A combination of SAR&H and Ferguson Brothers originally. The Nautical Advisor of the time (R. A. Leigh ?) and SME James Cochrane worked with Ferguson Brothers to design the Ludwig Wiener. It was understood from the first that as it took too long for salvage tugs to arrive from Europe if there was a casualty on the SA coast, and that it would cost too much to keep a dedicated salvage tug here in SA waiting for an emergency, that the harbour tugs would be designed in such a way that they could do both jobs. At the same time, Union Castle announced plans for larger mailships, which turned out to the the Arundel and Windsor Castles of 1919 and so big tugs would be needed. James Cochrane joked to his friends that Fergusons took the engines of the largest British harbour tugs of the time, 1200 iHp, (most actually were 750-1000 iHp) drew two on a piece of paper, worked out how big the boilers would need to be to keep those engines running, added an extra two, worked out how much coal would keep a tug like that at sea for ten days ... and then just drew a hull around it! The Wiener had an almost sister (same hull and engines, different superstructure with twin funnels), the Hunter (off which the Royal Navy designed the Roysterer class (Ferguson's built some of them so the drawings would have been at hand). Then a bigger version of the Wiener, (the T. S. McEwen), and an even bigger one, more like the Hunter, the Sir William Hoy. And then the designed settled into the smaller ones of 154ft and 3250 iHp which were the backbone of every SA harbour came in the 1930s. So when you saw them in the 60s, they would have been 30 years old already. Finally (apart from two modern versions of the 1930s class, one to make up for a tug sunk during WWII and one to allow a 1901-built tug to be scrapped in Durban), five larger oil burners were built, same engines as the 1930s class, same hull (modernised) as the Sir William Hoy, which were the culmination of the design. Those would only have been a few years old when you saw them in the 1960s.


----------



## woodend

Then of course there was the R.B.WATERSTONE which was the 'odd ball', oil burner hull but coal fired. Most of the tug masters thought she was under powered but fill all her water tanks and she almost submerged until the belting was very near touching the water (probably then 6- 8 inches overloaded), get a good head of steam and I thought she handled almost as well as the oil burners. Her water capacity came in handy after the ANITA MONTE was towed into False Bay. We ran a continuous shuttle service from Simons' Town to her at anchor for about 10 days. 240 tonnes a trip. Getting back into Simons' Town empty of water was exciting to say the least.


----------



## Lurch

When I was a cadet with B & C in the mid 70's was acquainted with a master on the tugs - he was a keen railway modeller and I used to carry his models down from the UK. 

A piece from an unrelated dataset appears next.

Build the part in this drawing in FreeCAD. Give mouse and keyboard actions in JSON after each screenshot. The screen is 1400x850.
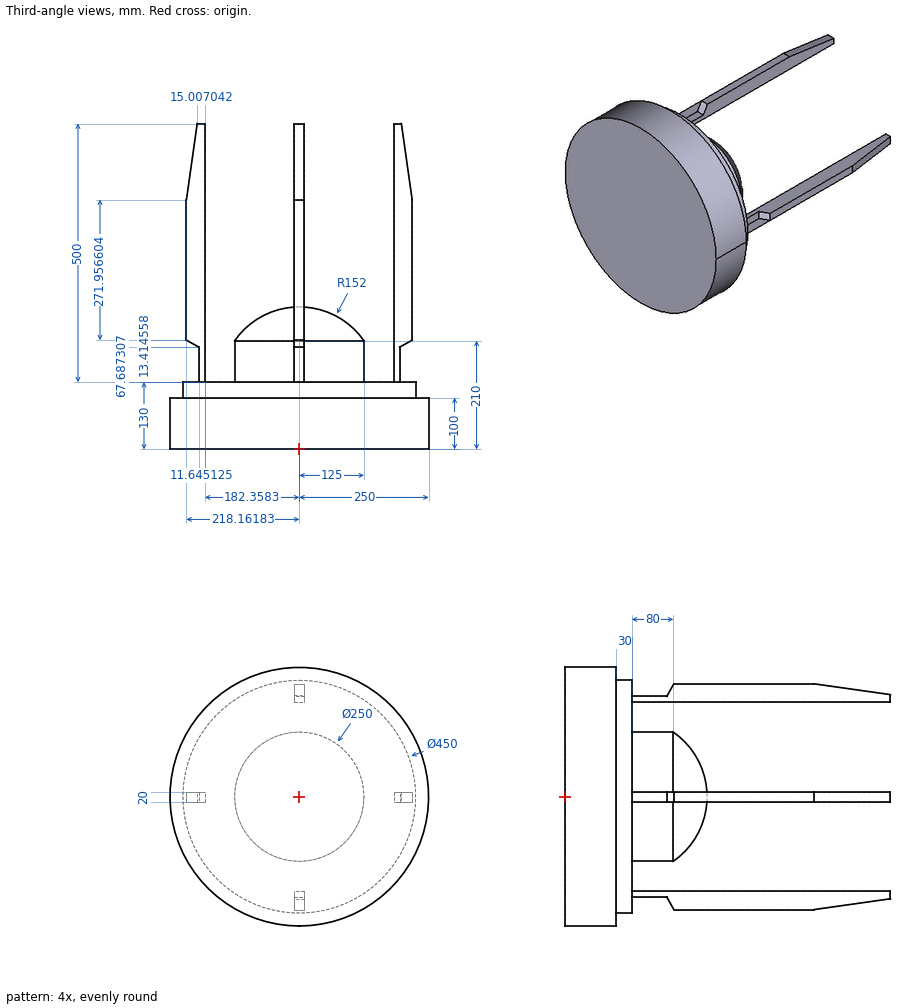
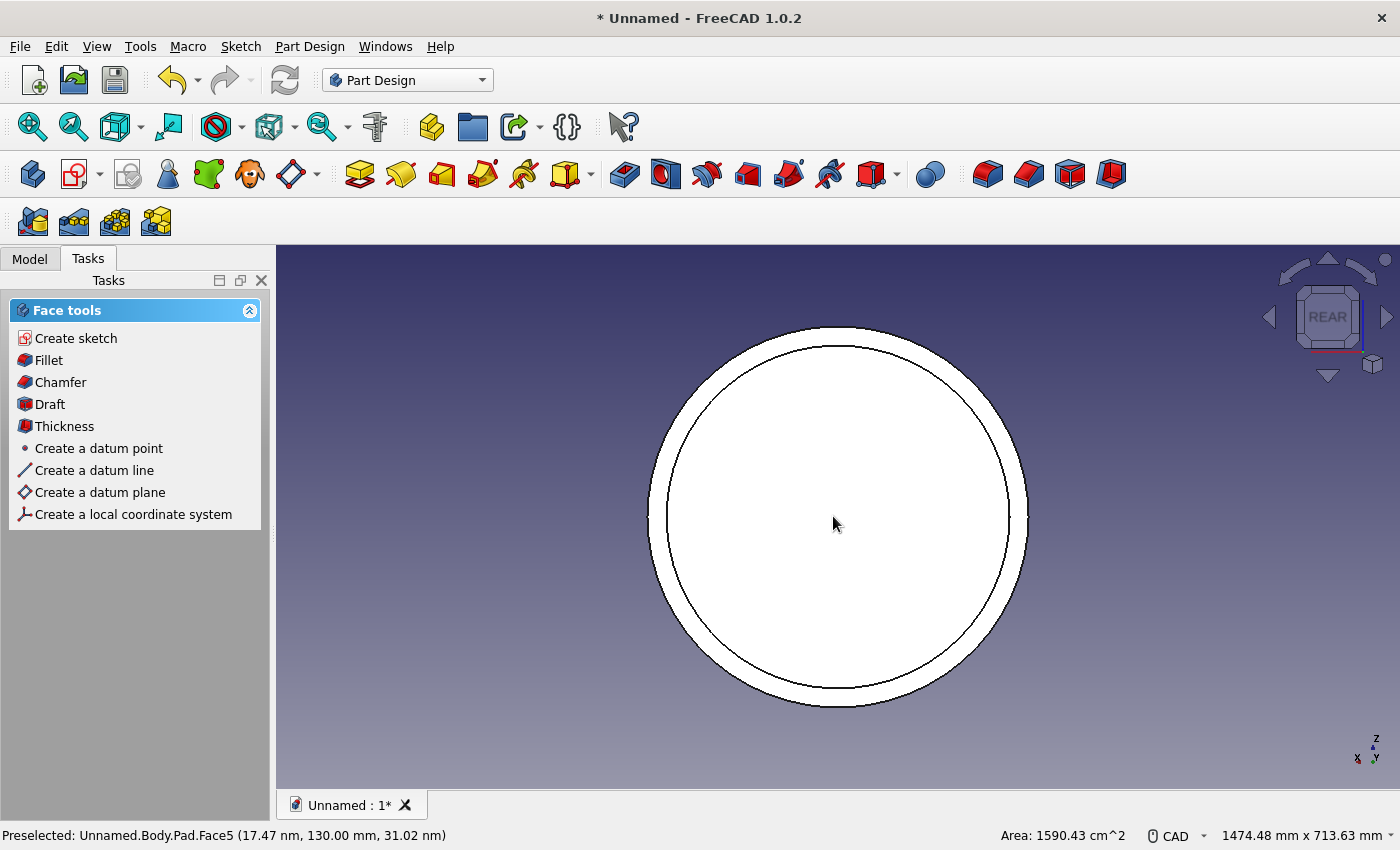
{"action": "left_click", "coordinate": [74, 174]}

Spent many happy days in Cape Town on the tugs, greatest memory was the engineers working the twin engines - no telegraphs were answered, the engines were handled entirely by the reversing gear. Not having to answer bells meant that manoeuvering could be instantaneous. At the time the first Voith Schnieder tugs were appearing on the scene and there was great rivalry between the steam tugs and the diesel guys, hence the way of running the engines. They could walk the tugs sideways and do things unimaginable to the early operators. 

The coal tugs would sometimes be rotated to Walvis Bay, this was always an advenure as they would coal up and restock at Luderitz Bay en route, often with coal on deck.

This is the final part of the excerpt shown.